Windows 10: Internet Connection Sharing on build 14316

Did you get stuck on “COM Surrogate” crashing while trying to configure Internet Connection Sharing feature in latest Windows 10 builds? Or WLAN Autoconfig (WlanSvc) service is crashing for you? Here, I present a workaround that worked for me.

Steps

Okay, so ICS is responsible for all this mess due to a bug (hopefully a known one). How to turn it off, or at least change its settings?

DISCLAIMER: On your own risk ;-)

In the registry, find the following key:

HKEY_LOCAL_MACHINE\SOFTWARE\Microsoft\Windows\CurrentVersion\SharedAccess

There, two values lay that have the power. One of them is PrivateIndex and the other is PublicIndex. They refer to the index of the source and destination network interface for ICS.

PublicIndex - interface from which you want to share Internet
PrivateIndex - interface that’s supposed to get Internet

Default of both of these values is 0xffffffff, which means that ICS is not set for any interface. With these defaults, ICS will not crash. But, ICS crashes when trying to access and modify both PublicIndex and PrivateIndex when it’s already set to some real value. If you delete both of them, they will get recreated, but you get a chance to enable/disable ICS properly. Note that after you set the interface again using the dialog, any subsequent attempt the will trigger a crash, unless you delete both of mentioned registry values again.

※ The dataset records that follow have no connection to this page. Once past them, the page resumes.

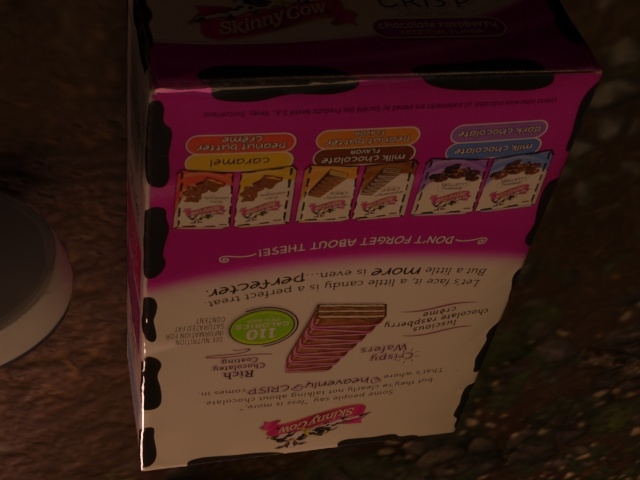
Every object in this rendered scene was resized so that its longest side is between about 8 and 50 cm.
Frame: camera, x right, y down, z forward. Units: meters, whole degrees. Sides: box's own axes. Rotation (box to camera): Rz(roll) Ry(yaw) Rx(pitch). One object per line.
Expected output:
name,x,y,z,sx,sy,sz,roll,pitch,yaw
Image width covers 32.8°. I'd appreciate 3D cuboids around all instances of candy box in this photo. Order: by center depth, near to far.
candy box,0.000,0.000,0.457,0.159,0.071,0.233,-4,138,-14

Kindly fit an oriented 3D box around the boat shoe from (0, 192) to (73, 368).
boat shoe,-0.212,0.048,0.442,0.258,0.095,0.084,-11,145,11
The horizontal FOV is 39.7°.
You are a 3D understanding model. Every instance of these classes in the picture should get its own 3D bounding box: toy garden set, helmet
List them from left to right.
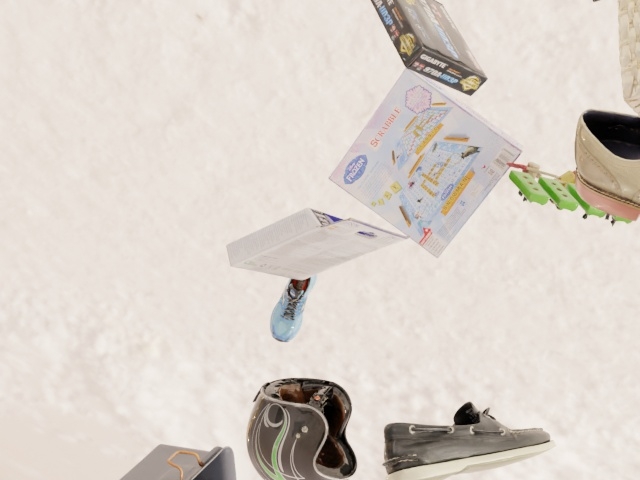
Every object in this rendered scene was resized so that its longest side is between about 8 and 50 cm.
[{"bbox_3d":[-0.027,0.300,1.324,0.169,0.162,0.169,2,-170,0],"label":"helmet"},{"bbox_3d":[0.494,-0.099,1.837,0.244,0.204,0.049,11,117,-18],"label":"toy garden set"}]

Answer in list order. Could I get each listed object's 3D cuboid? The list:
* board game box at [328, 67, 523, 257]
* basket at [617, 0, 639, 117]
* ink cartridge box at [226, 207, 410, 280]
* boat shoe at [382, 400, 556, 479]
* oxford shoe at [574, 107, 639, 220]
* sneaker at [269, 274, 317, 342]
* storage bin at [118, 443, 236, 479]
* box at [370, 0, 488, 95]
[{"bbox_3d":[0.235,-0.177,2.005,0.318,0.066,0.319,37,112,0],"label":"board game box"},{"bbox_3d":[0.411,-0.222,1.012,0.113,0.167,0.103,-13,158,42],"label":"basket"},{"bbox_3d":[0.000,0.000,1.425,0.223,0.045,0.223,-21,162,25],"label":"ink cartridge box"},{"bbox_3d":[0.239,0.320,1.440,0.339,0.113,0.127,-4,156,-28],"label":"boat shoe"},{"bbox_3d":[0.519,-0.084,1.186,0.396,0.140,0.147,16,148,35],"label":"oxford shoe"},{"bbox_3d":[-0.055,0.112,1.665,0.063,0.162,0.073,17,165,8],"label":"sneaker"},{"bbox_3d":[-0.163,0.268,0.942,0.091,0.135,0.098,7,113,25],"label":"storage bin"},{"bbox_3d":[0.189,-0.371,1.594,0.175,0.220,0.051,14,132,-39],"label":"box"}]
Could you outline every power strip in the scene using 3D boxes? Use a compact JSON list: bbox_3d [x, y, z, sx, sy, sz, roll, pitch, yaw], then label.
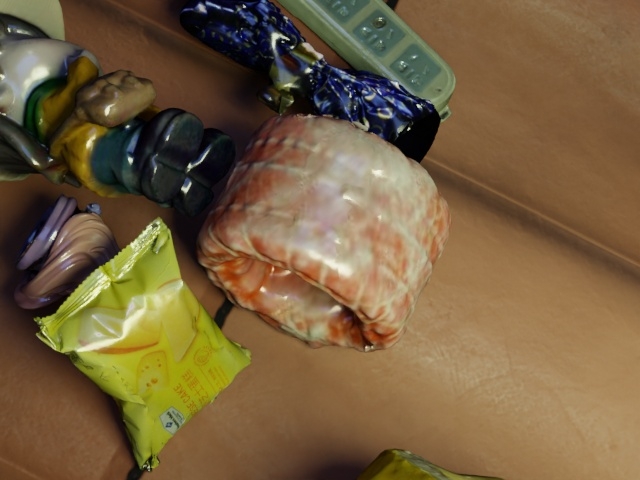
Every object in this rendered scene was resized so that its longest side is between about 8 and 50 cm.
[{"bbox_3d":[0.046,-0.243,1.245,0.080,0.048,0.286,-43,83,-17],"label":"power strip"}]

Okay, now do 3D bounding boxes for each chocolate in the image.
[{"bbox_3d":[-0.033,-0.193,1.174,0.343,0.126,0.148,41,48,9],"label":"chocolate"}]

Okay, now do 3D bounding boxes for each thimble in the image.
[{"bbox_3d":[0.000,0.000,1.061,0.239,0.239,0.162,25,69,1],"label":"thimble"}]

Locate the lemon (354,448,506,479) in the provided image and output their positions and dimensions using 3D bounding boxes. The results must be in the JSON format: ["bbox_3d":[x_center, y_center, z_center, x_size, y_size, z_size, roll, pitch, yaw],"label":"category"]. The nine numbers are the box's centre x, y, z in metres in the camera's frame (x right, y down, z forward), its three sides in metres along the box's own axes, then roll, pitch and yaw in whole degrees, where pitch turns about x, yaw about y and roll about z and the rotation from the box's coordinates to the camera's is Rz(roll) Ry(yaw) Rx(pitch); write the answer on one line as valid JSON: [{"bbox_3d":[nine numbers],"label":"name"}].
[{"bbox_3d":[0.120,0.371,0.901,0.364,0.364,0.364,2,71,-7],"label":"lemon"}]

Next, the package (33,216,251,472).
[{"bbox_3d":[-0.163,0.103,1.035,0.168,0.226,0.090,-46,38,-19],"label":"package"}]

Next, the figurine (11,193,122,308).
[{"bbox_3d":[-0.236,0.034,1.081,0.157,0.114,0.126,38,86,4],"label":"figurine"}]

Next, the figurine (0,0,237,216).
[{"bbox_3d":[-0.259,-0.111,1.052,0.332,0.185,0.204,41,95,26],"label":"figurine"}]
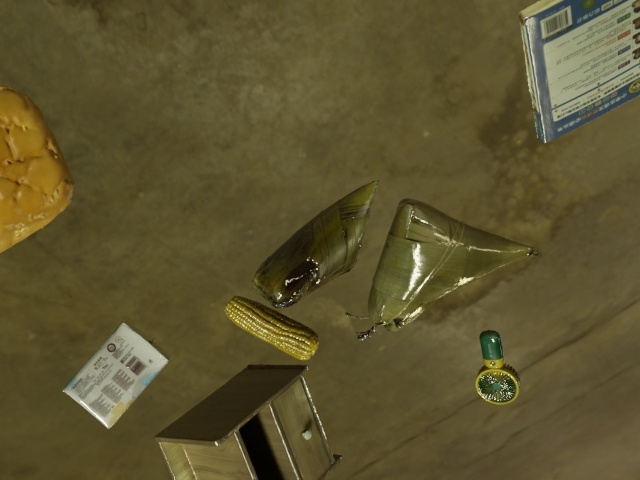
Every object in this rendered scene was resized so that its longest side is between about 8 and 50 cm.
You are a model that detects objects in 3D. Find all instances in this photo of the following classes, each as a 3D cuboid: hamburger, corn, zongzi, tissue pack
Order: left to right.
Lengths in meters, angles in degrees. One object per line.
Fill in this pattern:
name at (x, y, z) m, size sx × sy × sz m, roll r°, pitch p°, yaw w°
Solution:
hamburger at (-0.598, -0.122, 1.260) m, size 0.318 × 0.319 × 0.158 m, roll 16°, pitch 166°, yaw -42°
tissue pack at (-0.520, 0.341, 1.888) m, size 0.229 × 0.159 × 0.145 m, roll -50°, pitch -176°, yaw -6°
corn at (-0.110, 0.198, 1.669) m, size 0.231 × 0.080 × 0.080 m, roll 28°, pitch 128°, yaw 0°
zongzi at (0.000, 0.000, 1.633) m, size 0.286 × 0.138 × 0.300 m, roll -30°, pitch 160°, yaw -40°
zongzi at (0.311, 0.142, 1.941) m, size 0.418 × 0.181 × 0.447 m, roll 18°, pitch 107°, yaw -2°

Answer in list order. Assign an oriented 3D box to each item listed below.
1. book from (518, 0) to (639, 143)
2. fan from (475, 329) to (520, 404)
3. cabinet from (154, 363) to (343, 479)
book at (0.595, -0.408, 1.582) m, size 0.300 × 0.039 × 0.428 m, roll -27°, pitch 145°, yaw 6°
fan at (0.330, 0.234, 1.364) m, size 0.082 × 0.039 × 0.155 m, roll -3°, pitch 115°, yaw 25°
cabinet at (-0.099, 0.314, 1.100) m, size 0.148 × 0.175 × 0.215 m, roll -9°, pitch -165°, yaw 40°
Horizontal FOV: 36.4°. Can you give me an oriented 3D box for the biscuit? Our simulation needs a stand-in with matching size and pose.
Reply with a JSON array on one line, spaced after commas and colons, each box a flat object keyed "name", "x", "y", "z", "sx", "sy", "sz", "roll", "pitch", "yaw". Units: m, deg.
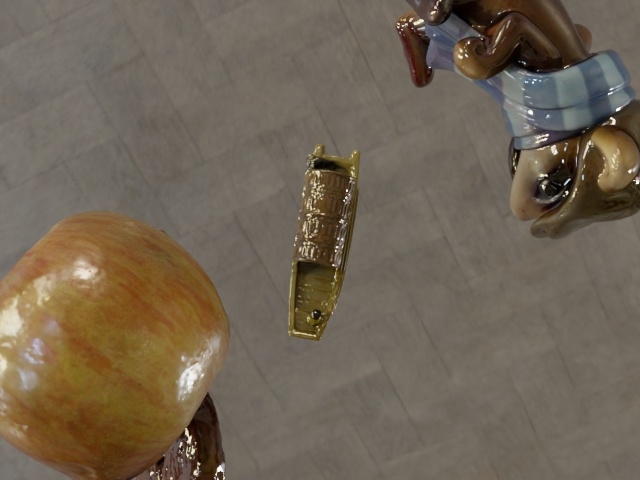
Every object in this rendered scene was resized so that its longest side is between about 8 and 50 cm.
[{"name": "biscuit", "x": -0.141, "y": 0.216, "z": 0.930, "sx": 0.049, "sy": 0.192, "sz": 0.192, "roll": -1, "pitch": 119, "yaw": -25}]

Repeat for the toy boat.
[{"name": "toy boat", "x": 0.000, "y": 0.000, "z": 1.105, "sx": 0.068, "sy": 0.088, "sz": 0.226, "roll": 9, "pitch": 82, "yaw": 6}]

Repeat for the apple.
[{"name": "apple", "x": -0.179, "y": 0.084, "z": 0.793, "sx": 0.188, "sy": 0.211, "sz": 0.211, "roll": 37, "pitch": 109, "yaw": -9}]

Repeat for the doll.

So, your best bet (for this build) is:

  1. open the dialog with network sharing
  2. delete the mentioned values from registry
  3. apply your changes in the dialog.

So, for example, when you want to turn ICS off for Ethernet 1, you shall:

  1. open the Properties of Ethernet 1, go to Sharing,
  2. then delete the above-mentioned registry values,
  3. and only then disable (and confirm) the sharing using the dialog. That way, it should be (hopefully) safe.

That’s all. :-)

Positive side effects

Disabling ICS will also fix one half of your woes with Miracast. For some reason (I guess for DHCP server), ICS is also running when you connect to a wireless display (like MS Wireless Display Adapter). And when ICS’s shutting down after that, WlanSvc crashes because of the completely same issue. Thus, disabling ICS by following this workaround will circumvment the issue.